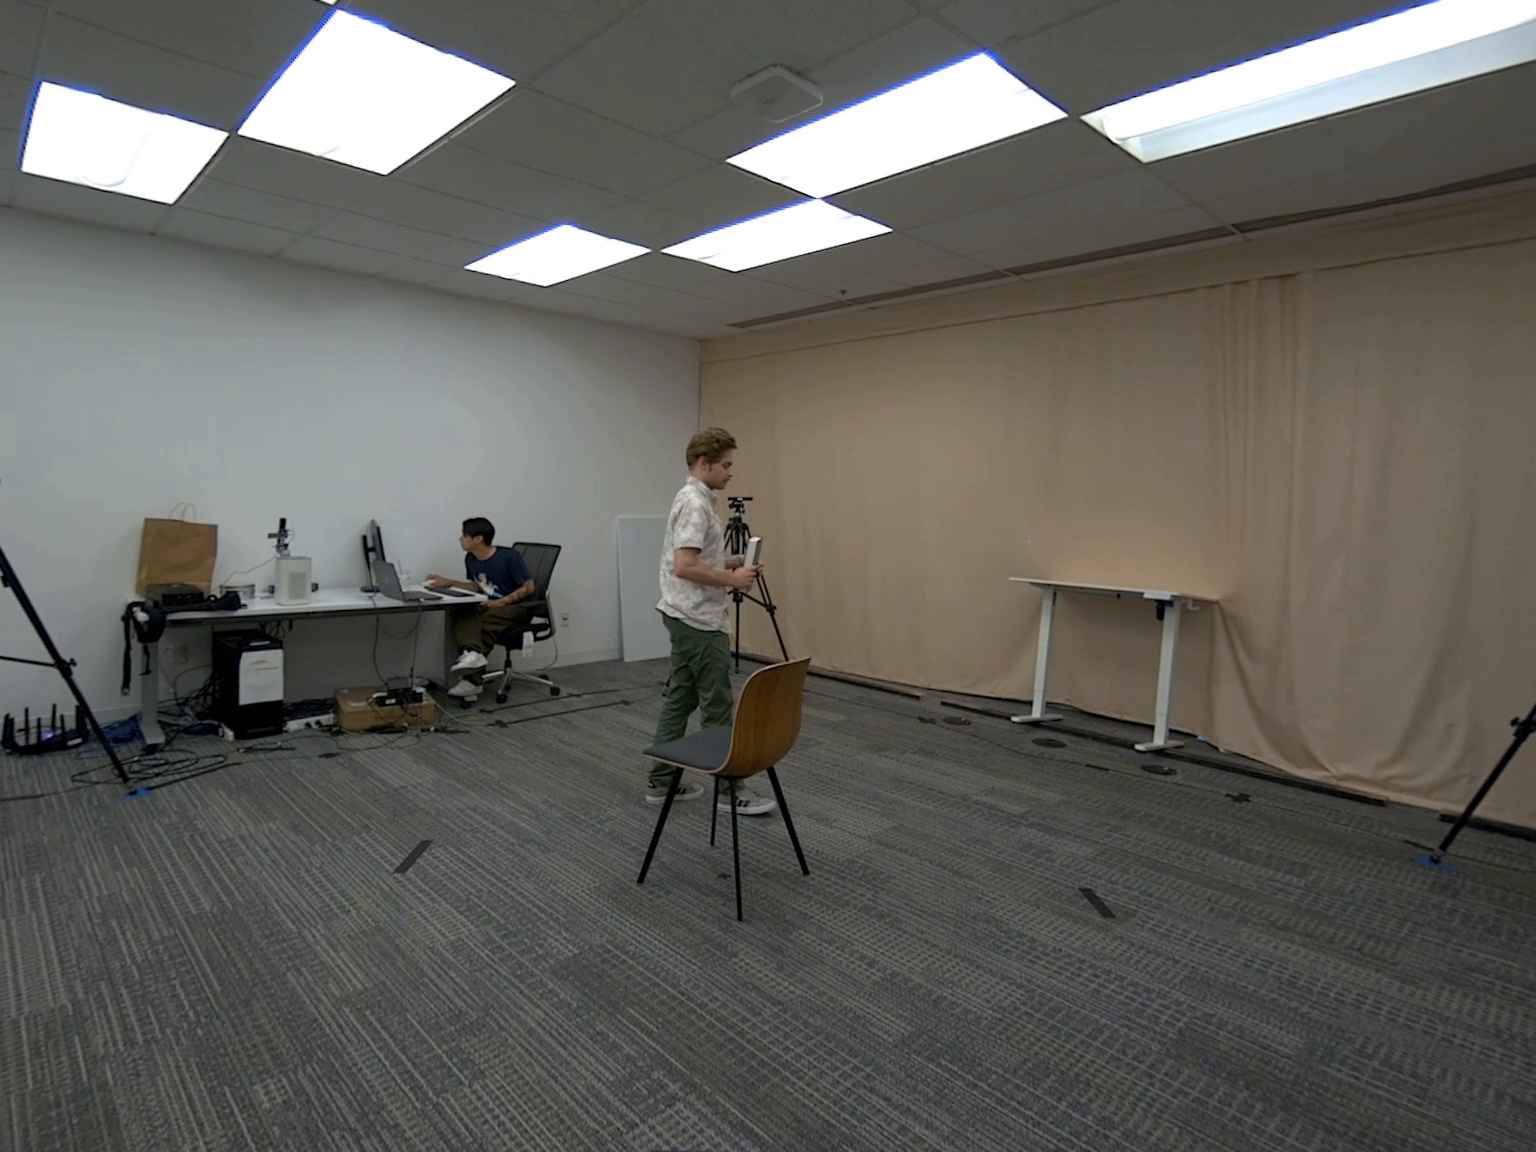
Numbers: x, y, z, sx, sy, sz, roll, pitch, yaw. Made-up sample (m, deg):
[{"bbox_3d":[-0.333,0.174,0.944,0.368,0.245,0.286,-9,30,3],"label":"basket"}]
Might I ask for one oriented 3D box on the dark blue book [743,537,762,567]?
[{"bbox_3d":[-0.086,-0.057,3.814,0.045,0.244,0.163,16,8,7],"label":"dark blue book"}]
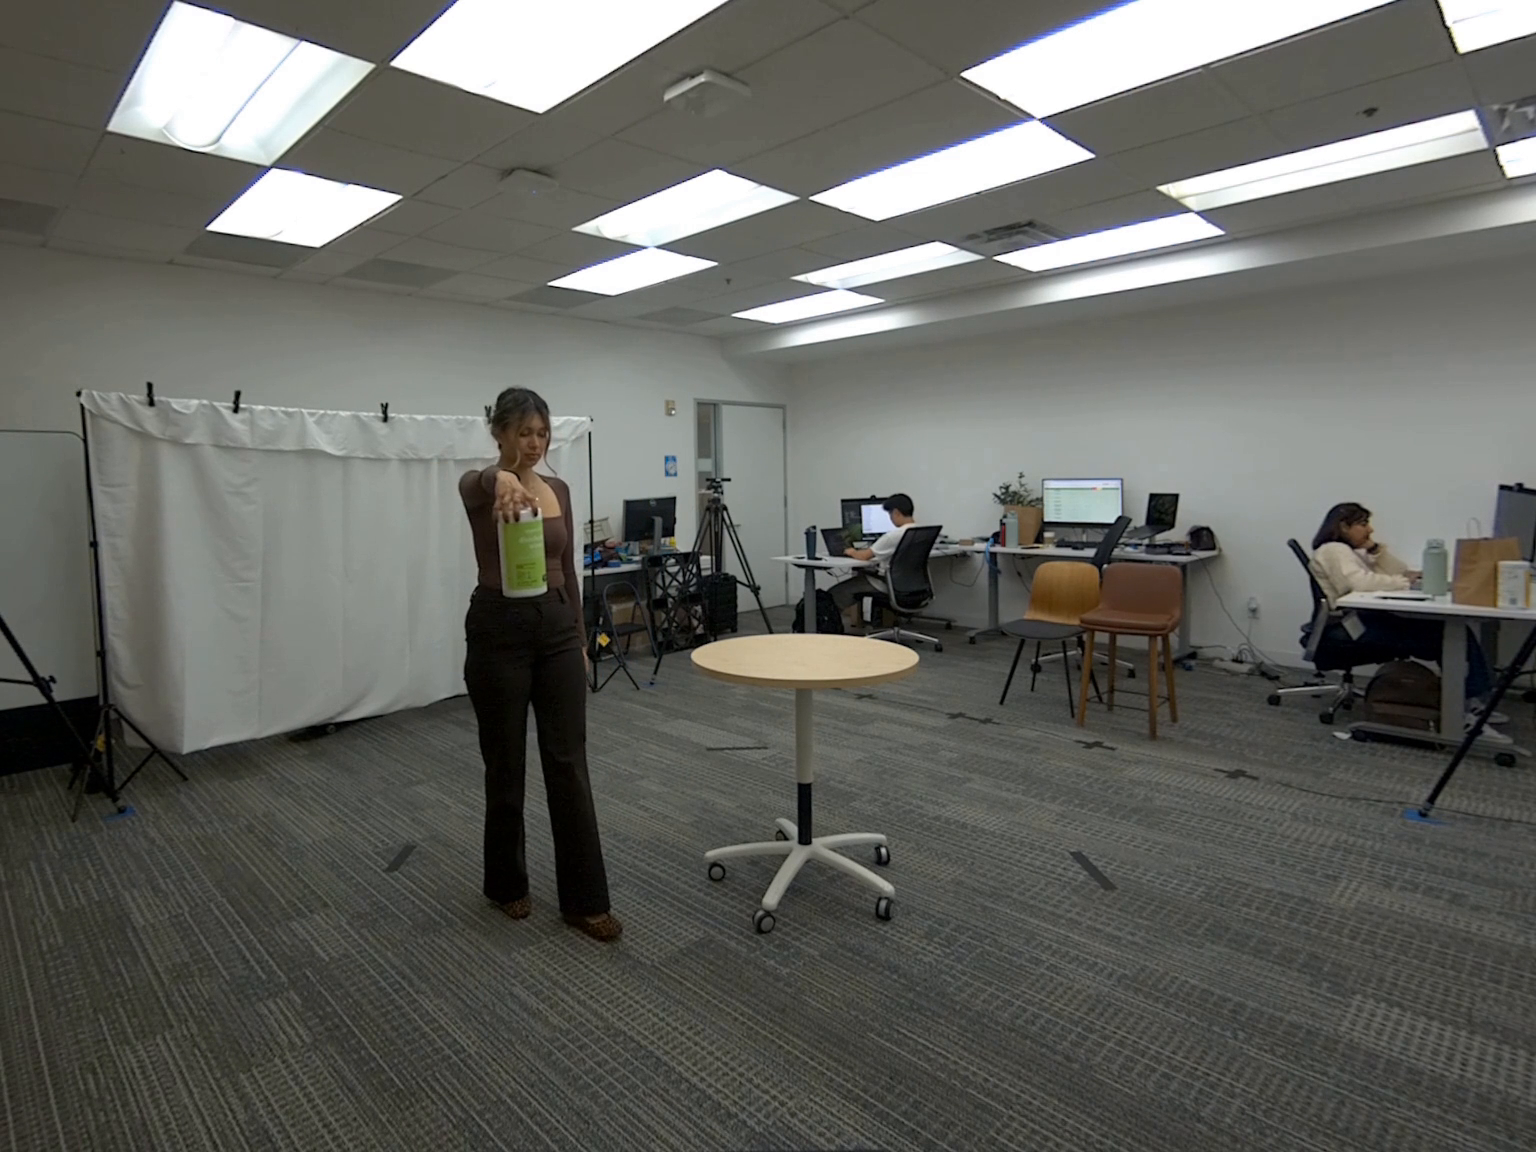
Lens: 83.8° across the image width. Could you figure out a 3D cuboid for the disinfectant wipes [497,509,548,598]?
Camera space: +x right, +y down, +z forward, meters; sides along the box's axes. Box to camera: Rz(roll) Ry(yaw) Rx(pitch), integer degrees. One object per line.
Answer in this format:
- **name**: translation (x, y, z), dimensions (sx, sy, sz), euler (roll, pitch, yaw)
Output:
- **disinfectant wipes**: translation (-0.614, -0.063, 2.135), dimensions (0.118, 0.216, 0.119), euler (-1, 8, -2)

+ + +

_EXERCISE OBJECTIVE_
Would you filter the records and copy out each line containing "pitch"?

_SOLUTION_
Numbers: x, y, z, sx, sy, sz, roll, pitch, yaw. Made-up sample (m, deg):
Camera space: +x right, +y down, +z forward, meters; sides along the box's axes. Box to camera: Rz(roll) Ry(yaw) Rx(pitch), integer degrees. One object per line.
- **name**: translation (x, y, z), dimensions (sx, sy, sz), euler (roll, pitch, yaw)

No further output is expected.